> _Work order_: Could you give back every entry below exactly, with the pictures dropped?

*** Information Section Begins ***

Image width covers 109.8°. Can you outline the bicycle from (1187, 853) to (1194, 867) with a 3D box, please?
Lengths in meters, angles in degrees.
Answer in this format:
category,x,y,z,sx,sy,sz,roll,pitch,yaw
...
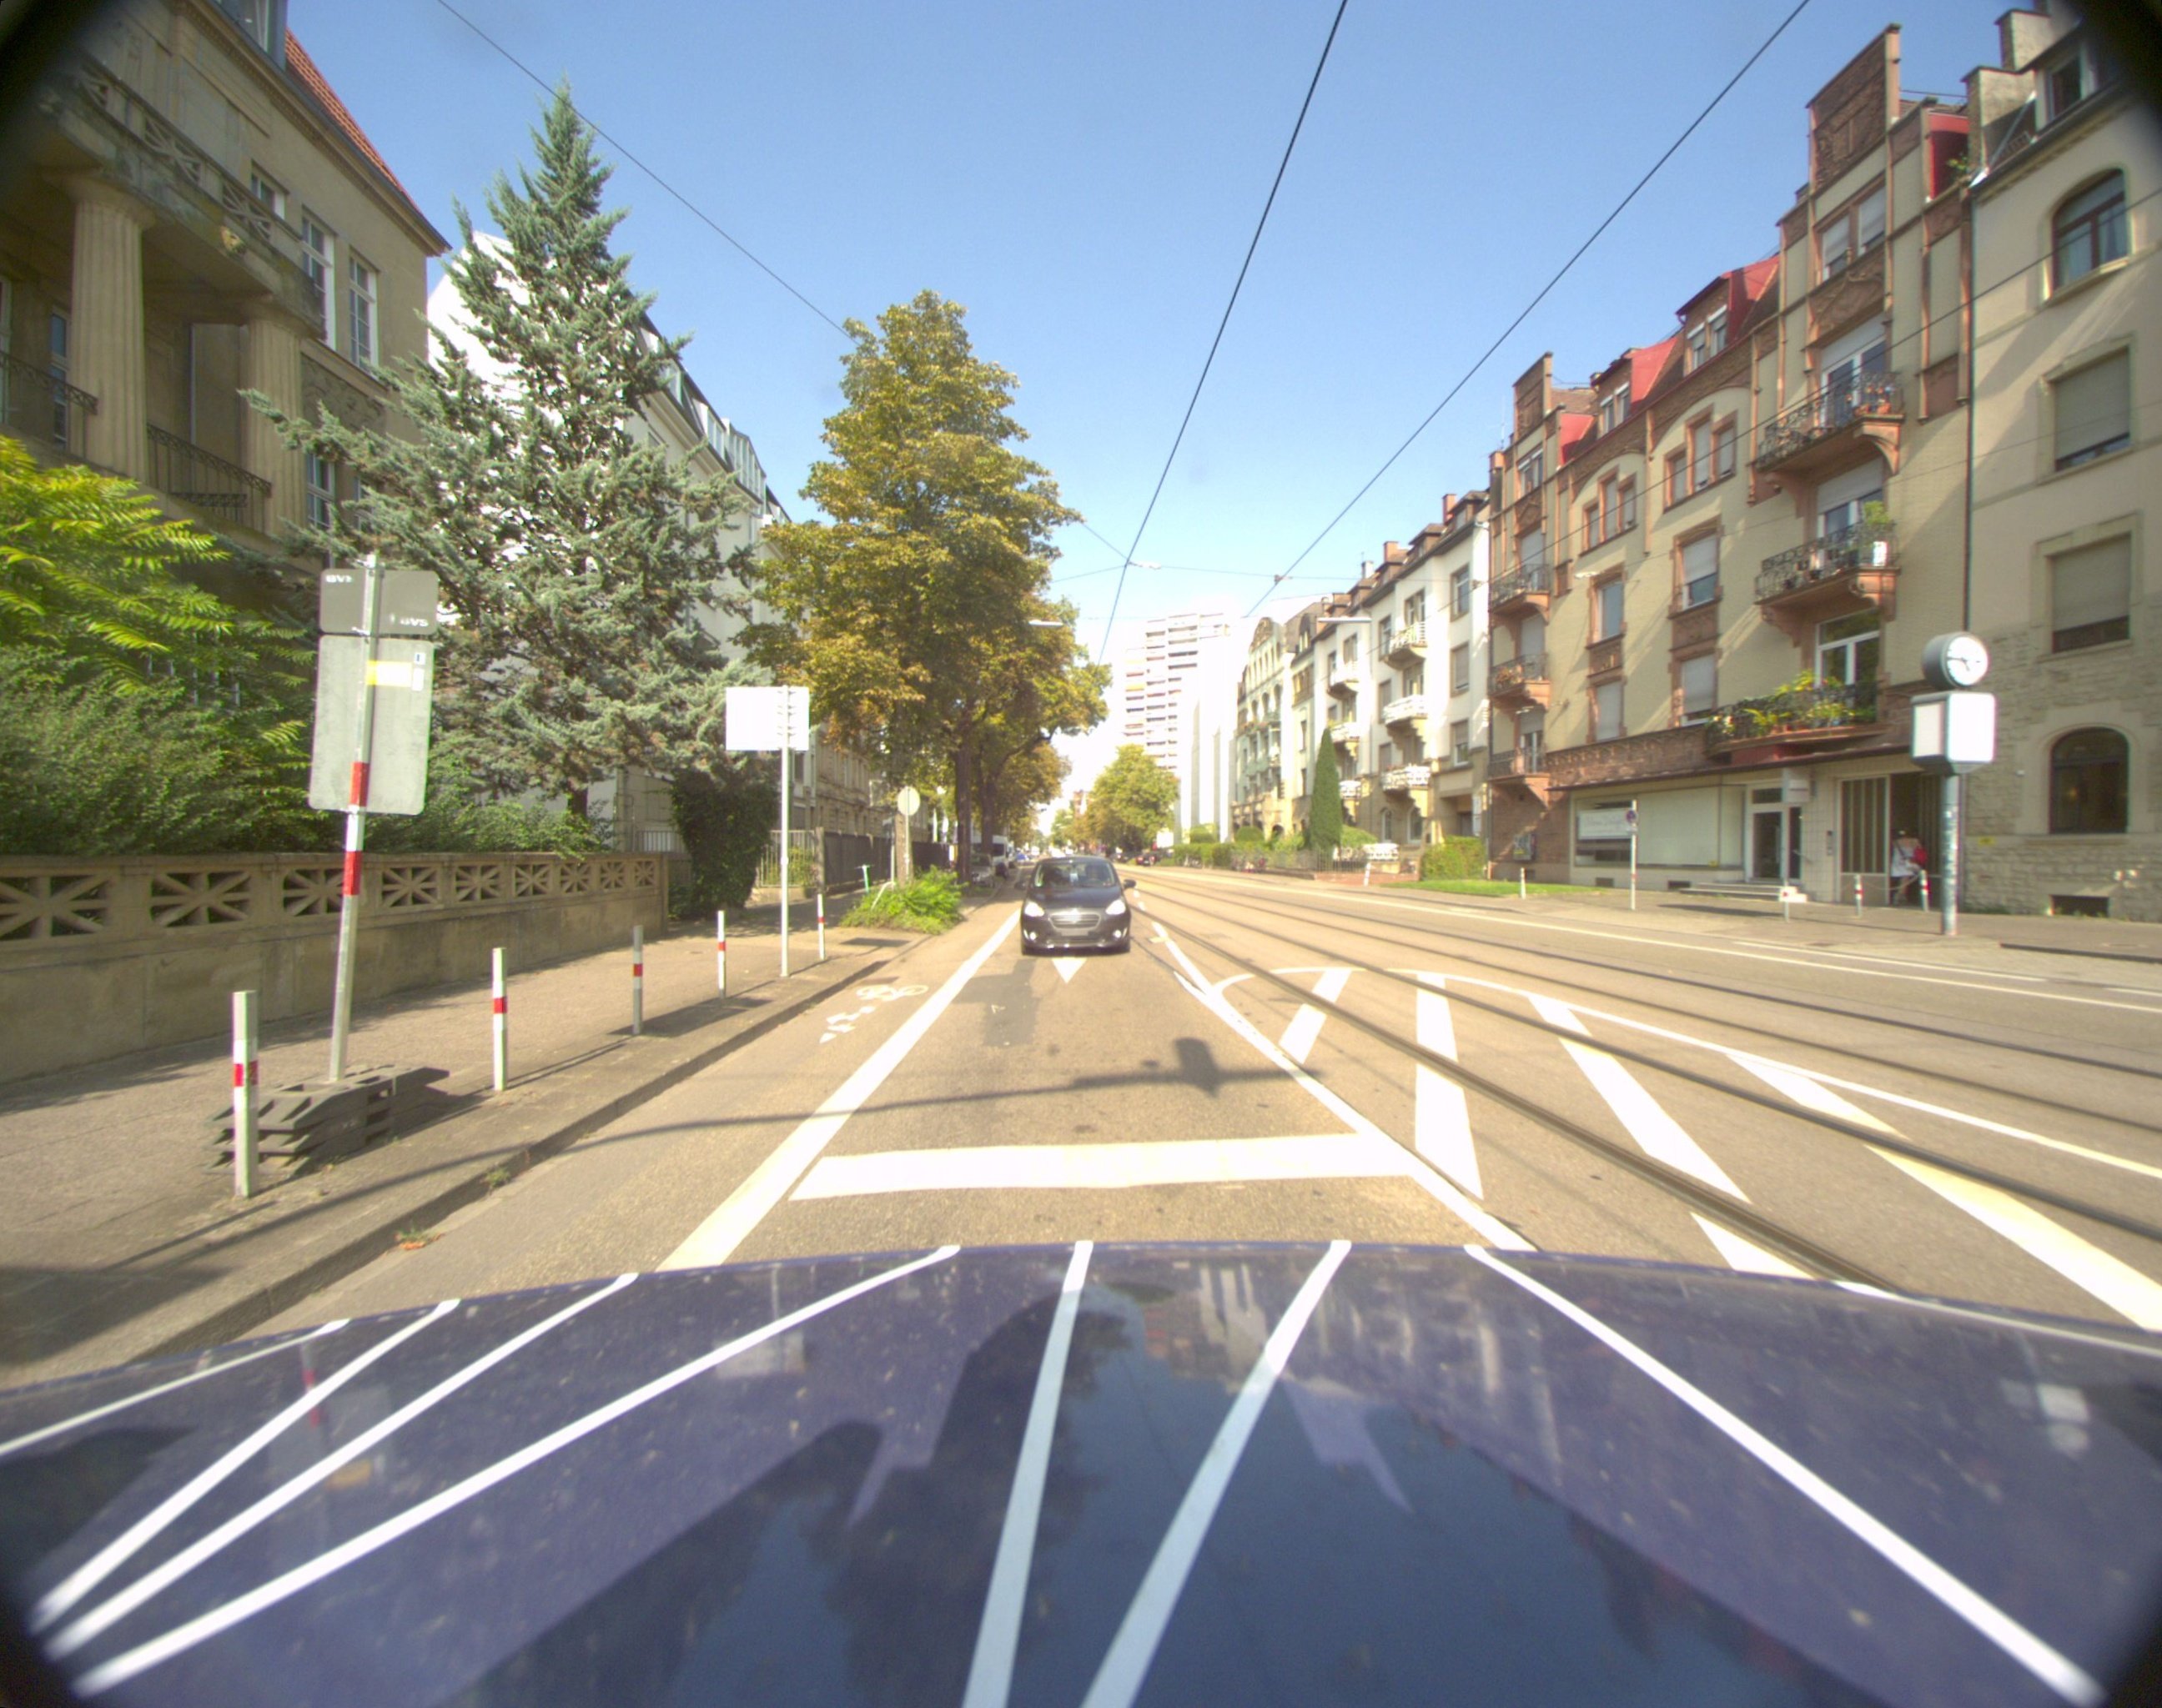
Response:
category,x,y,z,sx,sy,sz,roll,pitch,yaw
bicycle,9.193,0.500,63.751,0.425,1.081,1.677,0,1,5

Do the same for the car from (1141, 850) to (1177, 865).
category,x,y,z,sx,sy,sz,roll,pitch,yaw
car,8.419,0.338,81.638,1.767,1.518,4.009,1,1,42

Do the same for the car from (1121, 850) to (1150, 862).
category,x,y,z,sx,sy,sz,roll,pitch,yaw
car,6.824,0.234,94.718,1.767,1.518,4.008,1,1,37

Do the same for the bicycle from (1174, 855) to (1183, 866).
category,x,y,z,sx,sy,sz,roll,pitch,yaw
bicycle,8.843,0.555,69.082,0.426,0.972,1.769,0,0,-5

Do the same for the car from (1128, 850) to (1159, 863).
category,x,y,z,sx,sy,sz,roll,pitch,yaw
car,7.582,0.279,91.909,1.767,1.518,4.008,1,1,37

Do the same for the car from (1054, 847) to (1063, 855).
category,x,y,z,sx,sy,sz,roll,pitch,yaw
car,-5.603,-0.849,189.331,2.000,2.002,4.856,0,0,-7

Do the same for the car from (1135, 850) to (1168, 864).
category,x,y,z,sx,sy,sz,roll,pitch,yaw
car,7.884,0.323,84.451,1.767,1.518,4.008,1,1,37

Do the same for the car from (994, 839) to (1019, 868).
category,x,y,z,sx,sy,sz,roll,pitch,yaw
car,-6.919,-0.021,70.828,1.999,2.526,5.865,2,0,-3

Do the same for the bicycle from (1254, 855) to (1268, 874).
category,x,y,z,sx,sy,sz,roll,pitch,yaw
bicycle,10.570,0.623,44.583,0.371,1.081,1.487,0,1,-4

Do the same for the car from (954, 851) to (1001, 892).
category,x,y,z,sx,sy,sz,roll,pitch,yaw
car,-4.331,0.697,32.220,1.611,1.515,4.355,3,0,-4

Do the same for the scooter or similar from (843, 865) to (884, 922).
category,x,y,z,sx,sy,sz,roll,pitch,yaw
scooter or similar,-4.923,0.880,17.273,0.559,1.190,1.034,3,1,2

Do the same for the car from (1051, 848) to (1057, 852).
category,x,y,z,sx,sy,sz,roll,pitch,yaw
car,-8.606,-1.263,244.310,1.701,1.395,4.643,-1,1,-5

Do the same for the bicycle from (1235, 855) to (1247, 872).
category,x,y,z,sx,sy,sz,roll,pitch,yaw
bicycle,10.352,0.580,49.110,0.371,1.081,1.354,0,1,-4

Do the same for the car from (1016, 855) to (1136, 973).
category,x,y,z,sx,sy,sz,roll,pitch,yaw
car,-0.210,0.821,12.590,1.611,1.515,4.355,-1,1,-4

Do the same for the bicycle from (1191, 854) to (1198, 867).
category,x,y,z,sx,sy,sz,roll,pitch,yaw
bicycle,9.398,0.517,62.953,0.425,1.081,1.677,0,1,5

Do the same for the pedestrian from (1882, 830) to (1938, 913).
category,x,y,z,sx,sy,sz,roll,pitch,yaw
pedestrian,18.988,0.388,17.426,0.774,1.849,0.832,1,1,42

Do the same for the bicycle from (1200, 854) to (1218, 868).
category,x,y,z,sx,sy,sz,roll,pitch,yaw
bicycle,10.072,0.521,59.890,1.397,1.081,0.425,0,1,-21

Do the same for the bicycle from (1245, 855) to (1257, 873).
category,x,y,z,sx,sy,sz,roll,pitch,yaw
bicycle,10.365,0.604,46.347,0.371,1.081,1.354,0,1,-4

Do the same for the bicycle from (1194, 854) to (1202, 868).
category,x,y,z,sx,sy,sz,roll,pitch,yaw
bicycle,9.387,0.545,60.853,0.425,1.081,1.676,0,1,0

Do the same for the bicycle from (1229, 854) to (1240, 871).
category,x,y,z,sx,sy,sz,roll,pitch,yaw
bicycle,10.285,0.578,50.879,0.371,1.081,1.354,0,1,-4

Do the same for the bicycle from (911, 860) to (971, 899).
category,x,y,z,sx,sy,sz,roll,pitch,yaw
bicycle,-4.490,0.821,24.508,1.846,1.160,0.503,2,5,-44

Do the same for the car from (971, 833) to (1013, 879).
category,x,y,z,sx,sy,sz,roll,pitch,yaw
car,-5.075,0.091,43.923,2.052,2.484,6.226,1,0,-4

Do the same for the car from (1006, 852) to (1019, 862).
category,x,y,z,sx,sy,sz,roll,pitch,yaw
car,-8.915,0.393,99.105,1.758,1.349,3.786,0,0,-5

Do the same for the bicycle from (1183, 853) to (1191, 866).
category,x,y,z,sx,sy,sz,roll,pitch,yaw
bicycle,9.183,0.483,65.764,0.425,1.081,1.676,0,1,-2

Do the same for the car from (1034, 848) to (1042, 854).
category,x,y,z,sx,sy,sz,roll,pitch,yaw
car,-12.009,-0.759,212.681,2.000,1.572,4.156,0,0,-7

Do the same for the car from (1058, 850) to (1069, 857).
category,x,y,z,sx,sy,sz,roll,pitch,yaw
car,-3.639,-0.121,157.226,1.878,1.446,4.542,2,0,-7

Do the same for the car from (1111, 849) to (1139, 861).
category,x,y,z,sx,sy,sz,roll,pitch,yaw
car,5.998,0.142,103.529,1.767,1.518,4.008,1,1,37

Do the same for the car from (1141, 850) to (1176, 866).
category,x,y,z,sx,sy,sz,roll,pitch,yaw
car,7.974,0.403,77.815,1.767,1.518,4.008,1,1,37

*** Information Section Ends ***

> _Your response_:
Image width covers 109.8°. Can you outline the bicycle from (1187, 853) to (1194, 867) with a 3D box, please?
Lengths in meters, angles in degrees.
Answer in this format:
category,x,y,z,sx,sy,sz,roll,pitch,yaw
...
Response:
category,x,y,z,sx,sy,sz,roll,pitch,yaw
bicycle,9.193,0.500,63.751,0.425,1.081,1.677,0,1,5

Do the same for the car from (1141, 850) to (1177, 865).
category,x,y,z,sx,sy,sz,roll,pitch,yaw
car,8.419,0.338,81.638,1.767,1.518,4.009,1,1,42

Do the same for the car from (1121, 850) to (1150, 862).
category,x,y,z,sx,sy,sz,roll,pitch,yaw
car,6.824,0.234,94.718,1.767,1.518,4.008,1,1,37

Do the same for the bicycle from (1174, 855) to (1183, 866).
category,x,y,z,sx,sy,sz,roll,pitch,yaw
bicycle,8.843,0.555,69.082,0.426,0.972,1.769,0,0,-5

Do the same for the car from (1128, 850) to (1159, 863).
category,x,y,z,sx,sy,sz,roll,pitch,yaw
car,7.582,0.279,91.909,1.767,1.518,4.008,1,1,37

Do the same for the car from (1054, 847) to (1063, 855).
category,x,y,z,sx,sy,sz,roll,pitch,yaw
car,-5.603,-0.849,189.331,2.000,2.002,4.856,0,0,-7

Do the same for the car from (1135, 850) to (1168, 864).
category,x,y,z,sx,sy,sz,roll,pitch,yaw
car,7.884,0.323,84.451,1.767,1.518,4.008,1,1,37

Do the same for the car from (994, 839) to (1019, 868).
category,x,y,z,sx,sy,sz,roll,pitch,yaw
car,-6.919,-0.021,70.828,1.999,2.526,5.865,2,0,-3

Do the same for the bicycle from (1254, 855) to (1268, 874).
category,x,y,z,sx,sy,sz,roll,pitch,yaw
bicycle,10.570,0.623,44.583,0.371,1.081,1.487,0,1,-4

Do the same for the car from (954, 851) to (1001, 892).
category,x,y,z,sx,sy,sz,roll,pitch,yaw
car,-4.331,0.697,32.220,1.611,1.515,4.355,3,0,-4

Do the same for the scooter or similar from (843, 865) to (884, 922).
category,x,y,z,sx,sy,sz,roll,pitch,yaw
scooter or similar,-4.923,0.880,17.273,0.559,1.190,1.034,3,1,2

Do the same for the car from (1051, 848) to (1057, 852).
category,x,y,z,sx,sy,sz,roll,pitch,yaw
car,-8.606,-1.263,244.310,1.701,1.395,4.643,-1,1,-5

Do the same for the bicycle from (1235, 855) to (1247, 872).
category,x,y,z,sx,sy,sz,roll,pitch,yaw
bicycle,10.352,0.580,49.110,0.371,1.081,1.354,0,1,-4

Do the same for the car from (1016, 855) to (1136, 973).
category,x,y,z,sx,sy,sz,roll,pitch,yaw
car,-0.210,0.821,12.590,1.611,1.515,4.355,-1,1,-4

Do the same for the bicycle from (1191, 854) to (1198, 867).
category,x,y,z,sx,sy,sz,roll,pitch,yaw
bicycle,9.398,0.517,62.953,0.425,1.081,1.677,0,1,5

Do the same for the pedestrian from (1882, 830) to (1938, 913).
category,x,y,z,sx,sy,sz,roll,pitch,yaw
pedestrian,18.988,0.388,17.426,0.774,1.849,0.832,1,1,42

Do the same for the bicycle from (1200, 854) to (1218, 868).
category,x,y,z,sx,sy,sz,roll,pitch,yaw
bicycle,10.072,0.521,59.890,1.397,1.081,0.425,0,1,-21

Do the same for the bicycle from (1245, 855) to (1257, 873).
category,x,y,z,sx,sy,sz,roll,pitch,yaw
bicycle,10.365,0.604,46.347,0.371,1.081,1.354,0,1,-4

Do the same for the bicycle from (1194, 854) to (1202, 868).
category,x,y,z,sx,sy,sz,roll,pitch,yaw
bicycle,9.387,0.545,60.853,0.425,1.081,1.676,0,1,0

Do the same for the bicycle from (1229, 854) to (1240, 871).
category,x,y,z,sx,sy,sz,roll,pitch,yaw
bicycle,10.285,0.578,50.879,0.371,1.081,1.354,0,1,-4

Do the same for the bicycle from (911, 860) to (971, 899).
category,x,y,z,sx,sy,sz,roll,pitch,yaw
bicycle,-4.490,0.821,24.508,1.846,1.160,0.503,2,5,-44

Do the same for the car from (971, 833) to (1013, 879).
category,x,y,z,sx,sy,sz,roll,pitch,yaw
car,-5.075,0.091,43.923,2.052,2.484,6.226,1,0,-4

Do the same for the car from (1006, 852) to (1019, 862).
category,x,y,z,sx,sy,sz,roll,pitch,yaw
car,-8.915,0.393,99.105,1.758,1.349,3.786,0,0,-5

Do the same for the bicycle from (1183, 853) to (1191, 866).
category,x,y,z,sx,sy,sz,roll,pitch,yaw
bicycle,9.183,0.483,65.764,0.425,1.081,1.676,0,1,-2

Do the same for the car from (1034, 848) to (1042, 854).
category,x,y,z,sx,sy,sz,roll,pitch,yaw
car,-12.009,-0.759,212.681,2.000,1.572,4.156,0,0,-7

Do the same for the car from (1058, 850) to (1069, 857).
category,x,y,z,sx,sy,sz,roll,pitch,yaw
car,-3.639,-0.121,157.226,1.878,1.446,4.542,2,0,-7

Do the same for the car from (1111, 849) to (1139, 861).
category,x,y,z,sx,sy,sz,roll,pitch,yaw
car,5.998,0.142,103.529,1.767,1.518,4.008,1,1,37

Do the same for the car from (1141, 850) to (1176, 866).
category,x,y,z,sx,sy,sz,roll,pitch,yaw
car,7.974,0.403,77.815,1.767,1.518,4.008,1,1,37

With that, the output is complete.